_What this task involves_
All lines from the one containing "list 19) Independente" down to the one containing "text CLÁUSULA QUINTA", both ends included, are to be given again exactly; omit the rest of the listing below.

*** Opening of Information provided ***

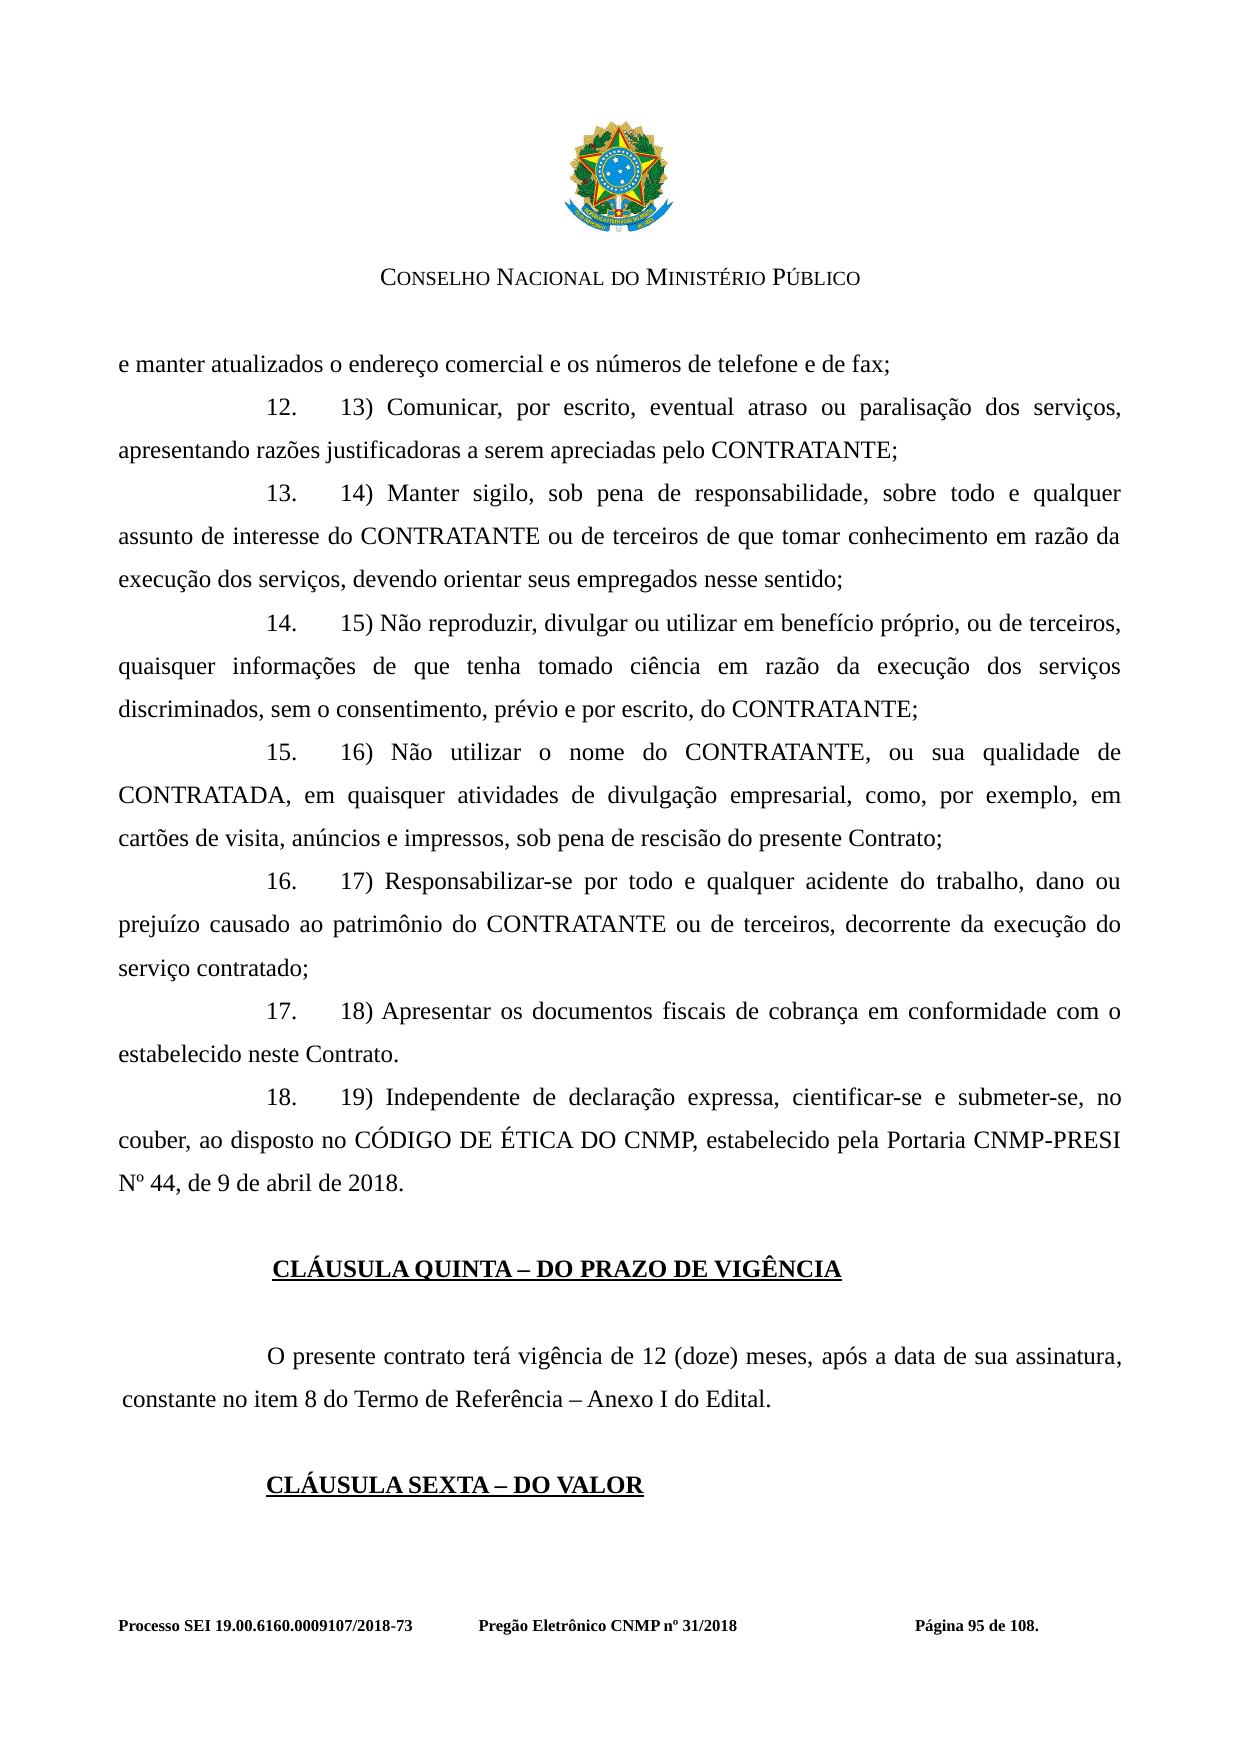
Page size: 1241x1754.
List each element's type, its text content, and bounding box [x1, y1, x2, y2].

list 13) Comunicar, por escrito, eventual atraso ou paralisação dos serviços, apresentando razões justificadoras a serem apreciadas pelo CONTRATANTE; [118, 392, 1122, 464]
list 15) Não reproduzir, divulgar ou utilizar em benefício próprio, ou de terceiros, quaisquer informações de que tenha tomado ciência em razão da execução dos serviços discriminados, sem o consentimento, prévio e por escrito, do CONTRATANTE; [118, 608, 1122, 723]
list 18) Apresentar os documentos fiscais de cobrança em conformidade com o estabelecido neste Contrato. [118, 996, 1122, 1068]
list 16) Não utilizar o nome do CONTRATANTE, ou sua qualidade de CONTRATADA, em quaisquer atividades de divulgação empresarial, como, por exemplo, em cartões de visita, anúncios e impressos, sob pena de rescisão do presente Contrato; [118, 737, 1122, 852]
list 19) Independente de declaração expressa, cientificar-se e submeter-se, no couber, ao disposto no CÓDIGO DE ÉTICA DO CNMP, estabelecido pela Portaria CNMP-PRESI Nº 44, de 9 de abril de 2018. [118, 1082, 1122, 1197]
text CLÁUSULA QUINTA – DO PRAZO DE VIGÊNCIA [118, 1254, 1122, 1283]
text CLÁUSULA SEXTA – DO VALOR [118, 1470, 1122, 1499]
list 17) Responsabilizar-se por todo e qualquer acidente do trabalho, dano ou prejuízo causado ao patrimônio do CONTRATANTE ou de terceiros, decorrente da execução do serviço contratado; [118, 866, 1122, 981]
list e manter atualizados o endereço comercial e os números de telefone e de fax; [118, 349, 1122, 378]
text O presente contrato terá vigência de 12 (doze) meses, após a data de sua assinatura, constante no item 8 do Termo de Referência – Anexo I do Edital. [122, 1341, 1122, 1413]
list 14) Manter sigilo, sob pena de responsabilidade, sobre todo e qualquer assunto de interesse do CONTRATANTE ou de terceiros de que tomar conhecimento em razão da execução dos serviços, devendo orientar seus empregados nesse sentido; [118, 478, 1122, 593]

*** Close of Information provided ***
*** Opening of Information provided ***

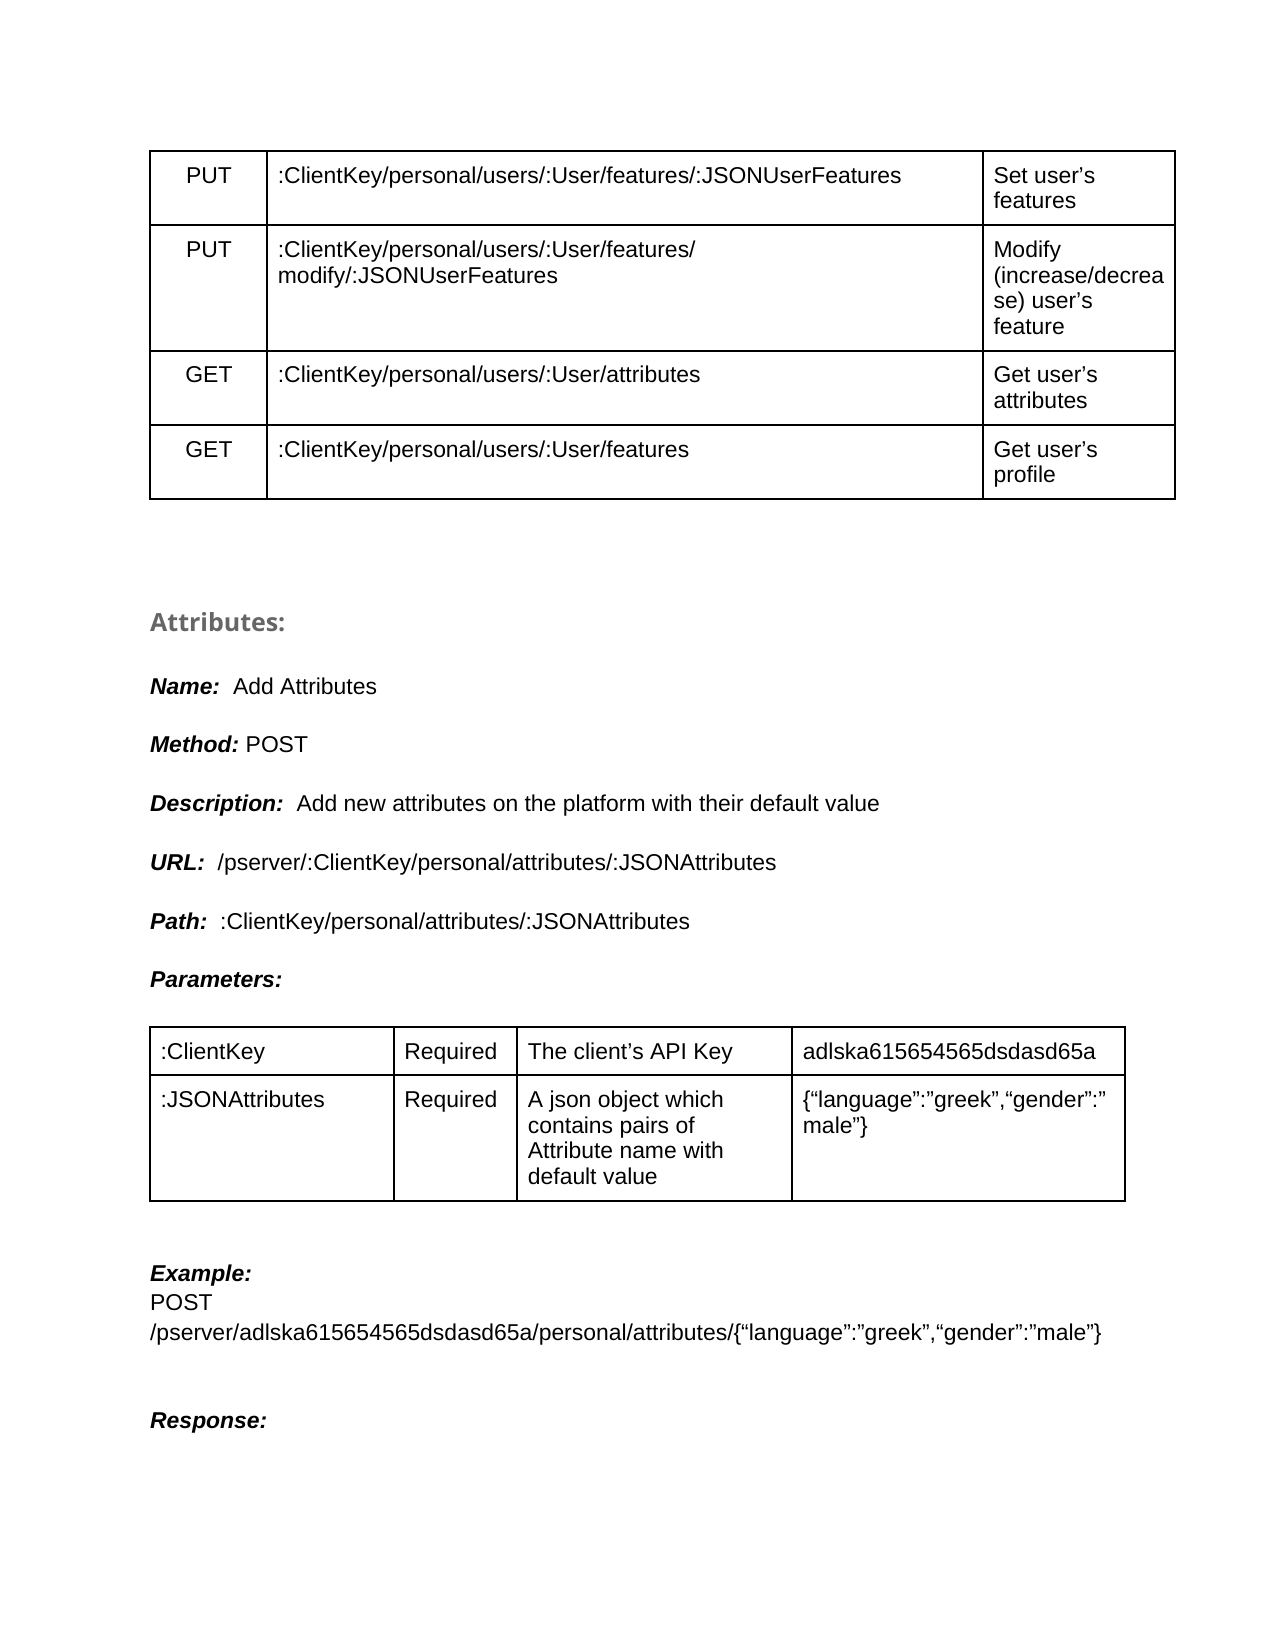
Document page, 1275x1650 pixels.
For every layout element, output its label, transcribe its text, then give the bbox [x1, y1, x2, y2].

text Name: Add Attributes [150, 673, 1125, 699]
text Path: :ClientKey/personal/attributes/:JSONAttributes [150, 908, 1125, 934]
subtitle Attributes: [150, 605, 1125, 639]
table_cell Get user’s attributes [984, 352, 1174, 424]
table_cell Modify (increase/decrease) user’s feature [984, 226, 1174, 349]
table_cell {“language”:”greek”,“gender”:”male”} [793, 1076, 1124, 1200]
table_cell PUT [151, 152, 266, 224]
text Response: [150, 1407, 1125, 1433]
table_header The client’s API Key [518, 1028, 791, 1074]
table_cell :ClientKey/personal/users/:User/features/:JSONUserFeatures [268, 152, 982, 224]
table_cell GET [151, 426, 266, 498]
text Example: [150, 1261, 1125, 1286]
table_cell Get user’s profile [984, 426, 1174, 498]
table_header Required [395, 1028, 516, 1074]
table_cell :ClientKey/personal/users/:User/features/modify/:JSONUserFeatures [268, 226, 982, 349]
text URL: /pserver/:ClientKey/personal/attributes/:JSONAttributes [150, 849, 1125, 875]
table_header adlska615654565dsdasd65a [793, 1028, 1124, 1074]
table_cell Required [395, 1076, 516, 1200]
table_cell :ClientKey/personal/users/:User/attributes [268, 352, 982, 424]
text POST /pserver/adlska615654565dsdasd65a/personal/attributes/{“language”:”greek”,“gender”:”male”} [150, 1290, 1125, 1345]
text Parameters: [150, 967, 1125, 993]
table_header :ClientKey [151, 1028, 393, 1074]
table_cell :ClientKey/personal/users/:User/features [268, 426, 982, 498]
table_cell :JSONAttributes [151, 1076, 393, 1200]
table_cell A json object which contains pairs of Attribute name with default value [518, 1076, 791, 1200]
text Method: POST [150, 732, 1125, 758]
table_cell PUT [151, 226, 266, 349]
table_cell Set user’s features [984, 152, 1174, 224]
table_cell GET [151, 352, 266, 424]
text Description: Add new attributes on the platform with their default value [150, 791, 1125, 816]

*** Close of Information provided ***

_Answer for this exercise_
list 19) Independente de declaração expressa, cientificar-se e submeter-se, no couber, ao disposto no CÓDIGO DE ÉTICA DO CNMP, estabelecido pela Portaria CNMP-PRESI Nº 44, de 9 de abril de 2018. [118, 1082, 1122, 1197]
text CLÁUSULA QUINTA – DO PRAZO DE VIGÊNCIA [118, 1254, 1122, 1283]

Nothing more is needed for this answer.